11.6. Ten Keys to Implementing DNPD Successfully

From our experience and from the experience of the practitioners we have spoken with, a set of ten key success factors become evident, grouped loosely into three categories: identifying the opportunity, determining the required team organization, and driving execution. Together, these help you avoid the risk of delayed or failed projects and the temptation to overdistribute your core capabilities.

Identify opportunities:

  1. Apply DNPD only to projects that are well suited to distributed design

    • Assess the situation against the three dimensions of product, company, and industry characteristics (see Section 3).

    • Be clear on what benefit you are trying to capture and set explicit targets (see Section 2).

  2. Identify locations and resources best suited for specific components/activities

    • Proactively scan the market for available talent and centers of excellence.
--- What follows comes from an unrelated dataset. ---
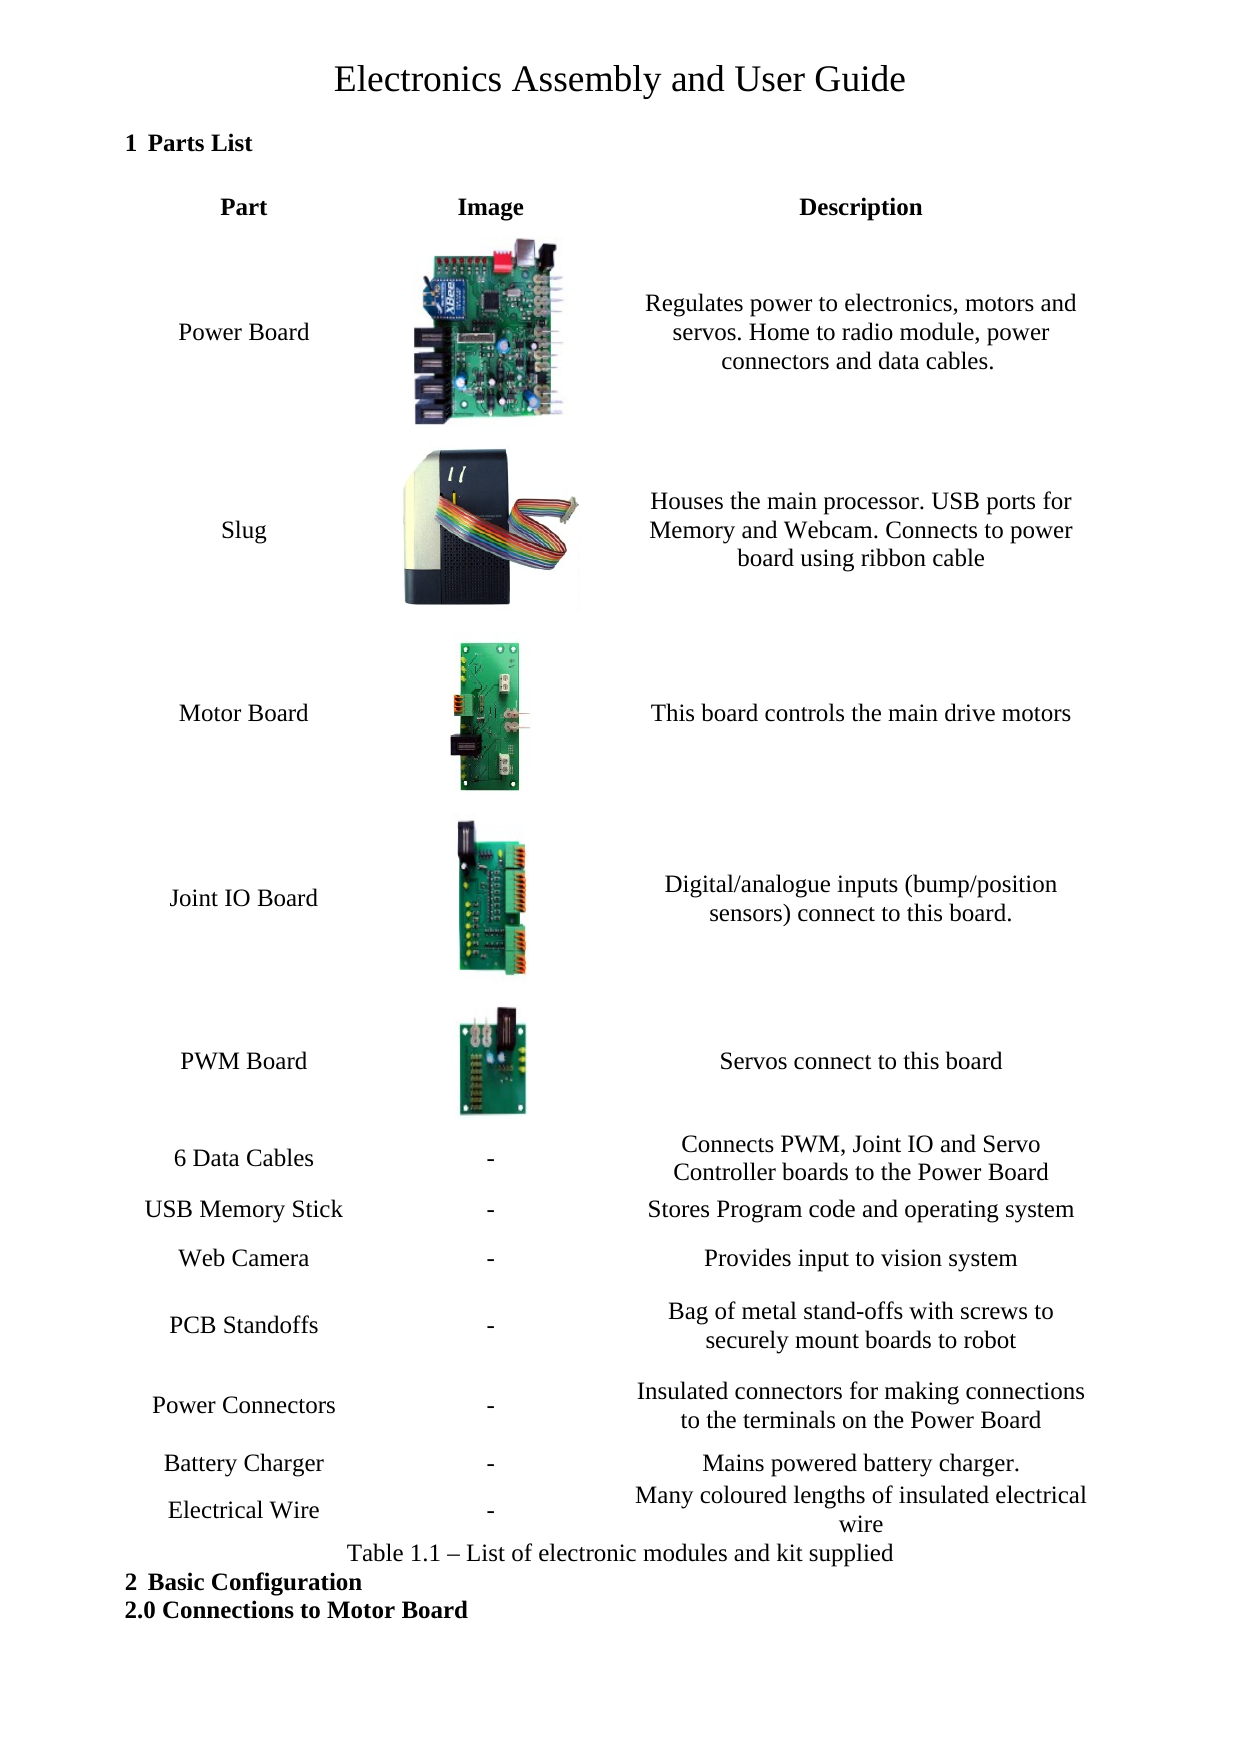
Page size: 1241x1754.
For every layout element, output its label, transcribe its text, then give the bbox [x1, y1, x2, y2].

    • Focus both on the skills needed today and the skills you will need tomorrow to remain competitive.

    • Contrast available resources against those of your competitors. Is there an opportunity to make greater than step-change advances?

  3. Retain strategically important aspects of R&D in-house:

    • Categorize components of your process as:

      • Strategic: source of value creation, protect at all costs

      • Important: temporary source of value but distinctiveness expected to erode slowly

      • Nondistinctive: capabilities are widely available, not the source of value creation

    • Evaluate your skills capabilities against each category ...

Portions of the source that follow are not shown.